Over 10 crore could die in India-Pak nuclear war: Study

The study comes days after Pakistan Prime Minister Imran Khan warned the United Nations that his country's dispute with India over Kashmir could escalate into an all-out nuclear war that would have consequences for the world. Photo/AFP

India and Pakistan’s nuclear forces may contain 140 to 150 warheads each in 2019 with a possible expansion of 200-250 warheads each by 2025, according to US researchers who have come out with a new study waving red flags on the threat of a nuclear war between the two arch-rivals.

More than 100 million (10 crore) people could die immediately if India and Pakistan wage a nuclear war, followed by global mass starvation, said the study published in Science Advances on Wednesday. 

The study, authored by 10 researchers from seven US organisations including four universities, comes days after Pakistan Prime Minister Imran Khan warned the United Nations that his country's dispute with India over Kashmir could escalate into an all-out nuclear war that would have consequences for the world.
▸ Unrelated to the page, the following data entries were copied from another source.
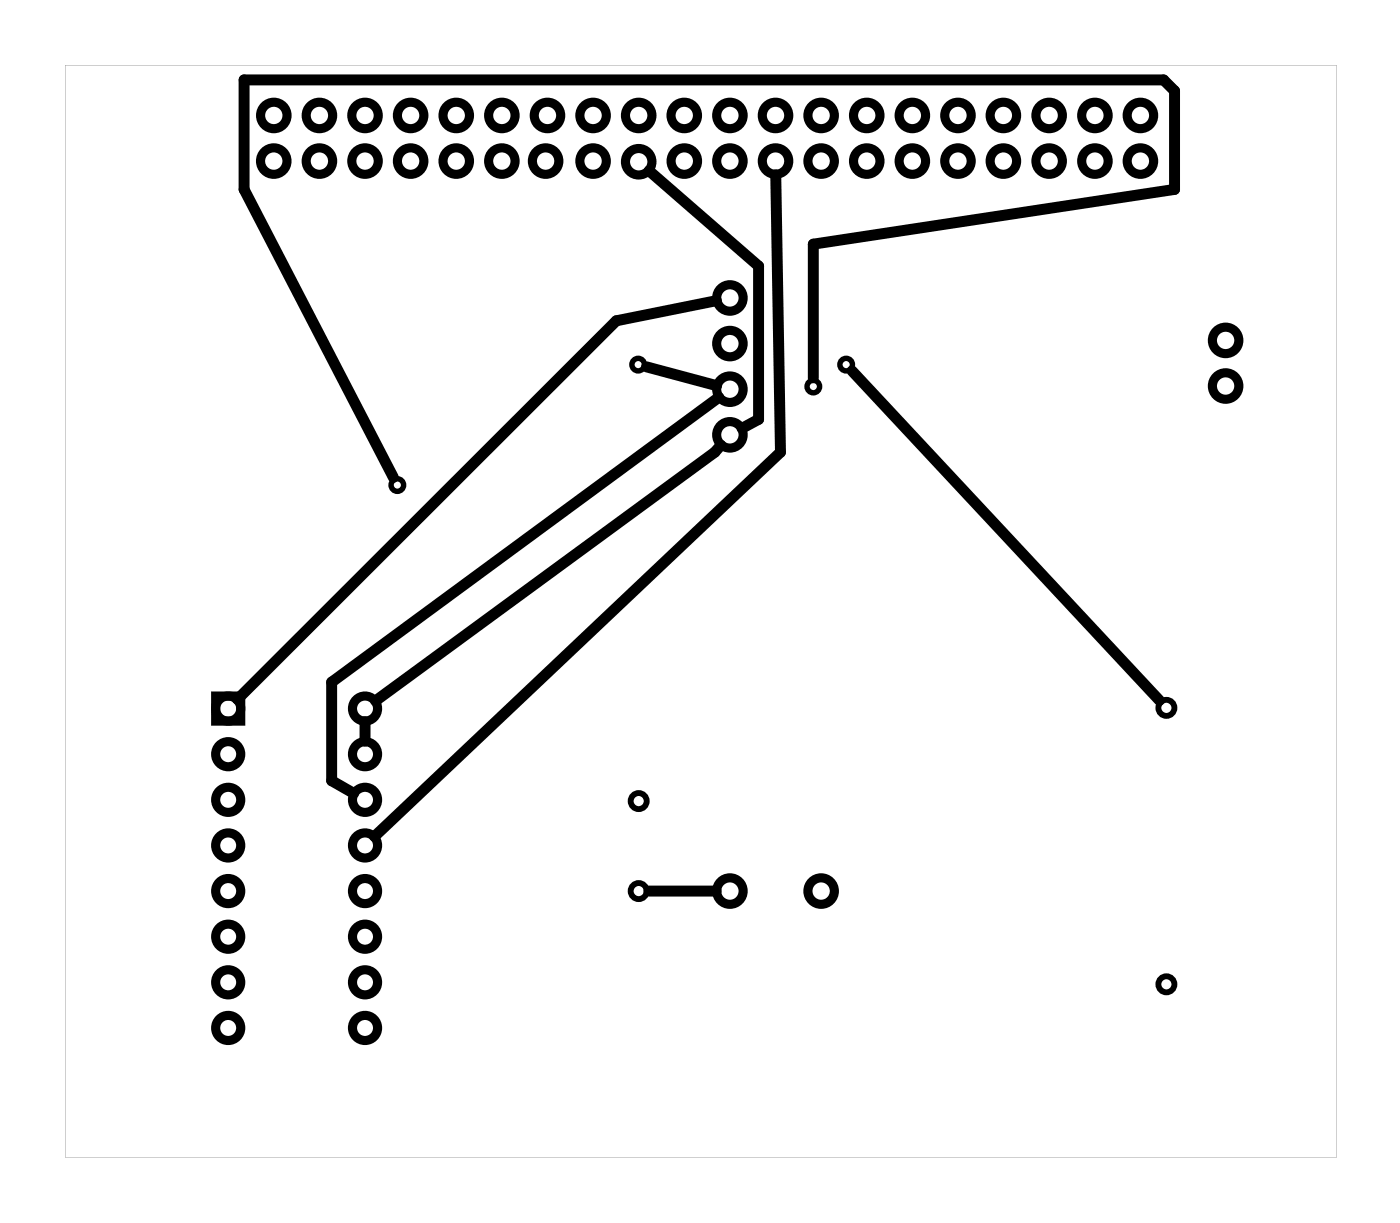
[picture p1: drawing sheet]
<svg xmlns="http://www.w3.org/2000/svg" width="78mm" height="68mm" viewBox="0 0 78 68" stroke-linecap="round" stroke-linejoin="round" font-family="sans-serif">
<path d="M3.6 3.6h70.8v60.8h-70.8zM3.6 3.6v60.8h70.8v-60.8z" fill="#000"/>
<g fill="none" stroke="#000" stroke-width=".51">
<path d="M12 38.7h1.4v1.4h-1.4z"/>
<circle cx="15.2" cy="9" r=".74"/>
<circle cx="15.2" cy="6.4" r=".74"/>
<circle cx="17.8" cy="6.4" r=".74"/>
<circle cx="17.8" cy="9" r=".74"/>
<circle cx="20.3" cy="6.4" r=".74"/>
<circle cx="20.3" cy="9" r=".74"/>
<circle cx="22.9" cy="6.4" r=".74"/>
<circle cx="22.9" cy="9" r=".74"/>
<circle cx="25.4" cy="6.4" r=".74"/>
<circle cx="25.4" cy="9" r=".74"/>
<circle cx="27.9" cy="6.4" r=".74"/>
<circle cx="27.9" cy="9" r=".74"/>
<circle cx="30.4" cy="9" r=".74"/>
<circle cx="30.5" cy="6.4" r=".74"/>
<circle cx="33" cy="6.4" r=".74"/>
<circle cx="33" cy="9" r=".74"/>
<circle cx="35.6" cy="9" r=".74"/>
<circle cx="35.6" cy="6.4" r=".74"/>
<circle cx="38.1" cy="6.4" r=".74"/>
<circle cx="38.1" cy="9" r=".74"/>
<circle cx="40.6" cy="19.1" r=".74"/>
<circle cx="40.6" cy="16.6" r=".74"/>
<circle cx="40.6" cy="6.4" r=".74"/>
<circle cx="40.6" cy="9" r=".74"/>
<circle cx="43.2" cy="6.4" r=".74"/>
<circle cx="43.2" cy="9" r=".74"/>
<circle cx="45.7" cy="6.4" r=".74"/>
<circle cx="45.7" cy="9" r=".74"/>
<circle cx="48.3" cy="6.4" r=".74"/>
<circle cx="48.3" cy="9" r=".74"/>
<circle cx="50.8" cy="6.4" r=".74"/>
<circle cx="50.8" cy="9" r=".74"/>
<circle cx="53.3" cy="6.4" r=".74"/>
<circle cx="53.3" cy="9" r=".74"/>
<circle cx="55.9" cy="6.4" r=".74"/>
<circle cx="55.9" cy="9" r=".74"/>
<circle cx="58.4" cy="6.4" r=".74"/>
<circle cx="58.4" cy="9" r=".74"/>
<circle cx="61" cy="6.4" r=".74"/>
<circle cx="61" cy="9" r=".74"/>
<circle cx="63.5" cy="6.4" r=".74"/>
<circle cx="63.5" cy="9" r=".74"/>
<circle cx="68.3" cy="19" r=".74"/>
<circle cx="12.7" cy="39.4" r=".7"/>
<circle cx="20.3" cy="39.4" r=".7"/>
<circle cx="40.6" cy="21.7" r=".74"/>
<circle cx="40.6" cy="24.2" r=".74"/>
<circle cx="68.3" cy="21.5" r=".74"/>
<circle cx="12.7" cy="42" r=".7"/>
<circle cx="12.7" cy="44.5" r=".7"/>
<circle cx="12.7" cy="57.2" r=".7"/>
<circle cx="12.7" cy="47.1" r=".7"/>
<circle cx="12.7" cy="54.7" r=".7"/>
<circle cx="12.7" cy="49.6" r=".7"/>
<circle cx="12.7" cy="52.1" r=".7"/>
<circle cx="20.3" cy="57.2" r=".7"/>
<circle cx="20.3" cy="47.1" r=".7"/>
<circle cx="20.3" cy="49.6" r=".7"/>
<circle cx="20.3" cy="52.1" r=".7"/>
<circle cx="20.3" cy="54.7" r=".7"/>
<circle cx="20.3" cy="42" r=".7"/>
<circle cx="20.3" cy="44.5" r=".7"/>
<circle cx="40.6" cy="49.6" r=".74"/>
<circle cx="45.7" cy="49.6" r=".74"/>
</g>
<g fill="none" stroke="#000" stroke-width=".32">
<circle cx="65" cy="39.4" r=".45"/>
<circle cx="35.6" cy="44.6" r=".45"/>
<circle cx="35.6" cy="49.6" r=".45"/>
<circle cx="65" cy="54.8" r=".45"/>
</g>
<g fill="none" stroke="#000" stroke-width=".3">
<circle cx="22.1" cy="27" r=".35"/>
<circle cx="35.5" cy="20.3" r=".35"/>
<circle cx="45.3" cy="21.5" r=".35"/>
<circle cx="47.1" cy="20.3" r=".35"/>
</g>
<path d="M36.1 9.5l6.1 5.3v8.5l-.9 .5M39.9 16.7l-5.6 1.2-21.1 21M43.2 9.7l.3 15.5-22.6 21.4M36 20.4l3.9 1.1M40 22.1l-21.5 15.9v5.5l1.2 .7M40.1 24.8l-.3 .4-18.9 13.8M45.3 21v-7.4l20.1-3.1v-5.4l-.6-.7h-51.2v6.1l8.3 16.1M47.5 20.7l17.1 18.3M20.3 40.2v1.1M36.1 49.6h3.8" fill="none" stroke="#000" stroke-width=".61"/>
</svg>

India has a no first use nuclear policy, but a section within the BJP-led government including the Defence Minister Rajnath Singh is in favour of an overhaul making the policy ambiguous.

The dire consequences: 

In case of a nuclear war between the two neighbours in 2025, the fires ignited by exploding nuclear weapons could release 16-36 million tonnes of soot in smoke that would rise into the upper atmosphere, spreading around the world within weeks, suggests the research.

The soot or black carbon would absorb solar radiation, heating the air and boosting the smoke's swift rise.

Sunlight reaching the earth would decline by 20-35% cooling the surface by two to five degrees Celsius and reducing the rainfall by 15-30% with larger regional impacts.

"That level of warfare wouldn't just kill millions of people locally, but might also plunge the entire planet into a severe cold spell, possibly with temperatures not seen since the last Ice Age," said Brian Toon from the University of Colorado, Boulder, who led the research.

The researchers estimated the numbers of nuclear warheads on the capacity of delivery systems that can be observed from remote sensing, rather than on the amount of enriched uranium and plutonium fuel that the countries may have produced.

Using satellite images, expert studies, and local news reports, the study identified nine locations in Pakistan and five in India where nuclear weapons may be stored. They estimated that the current Pakistani weapons have yields of 5 to 12kt whereas weapons in Indian arsenal may be having a yield of 12-40kt. Much higher yields are theoretically possible.

"Such a war would threaten not only the locations where bombs might be targeted but the entire world," said Alan Robock, a distinguished professor at Rutgers University-New Brunswick and one of the authors of the study.

Unlike the rest of the world, India and Pakistan are the only two countries that are expanding its nuclear arsenal.

One of the key consequences of a nuclear war is a 15-30% decline in vegetation growth on land and 5-15% drop in ocean productivity. Recovery from all these impacts would take more than 10 years because the smoke would linger in the upper atmosphere.

"Nuclear weapons cannot be used in any rational scenario but could be used by accident or as a result of hacking, panic or deranged world leaders," Robock said. "The only way to prevent this is to eliminate them."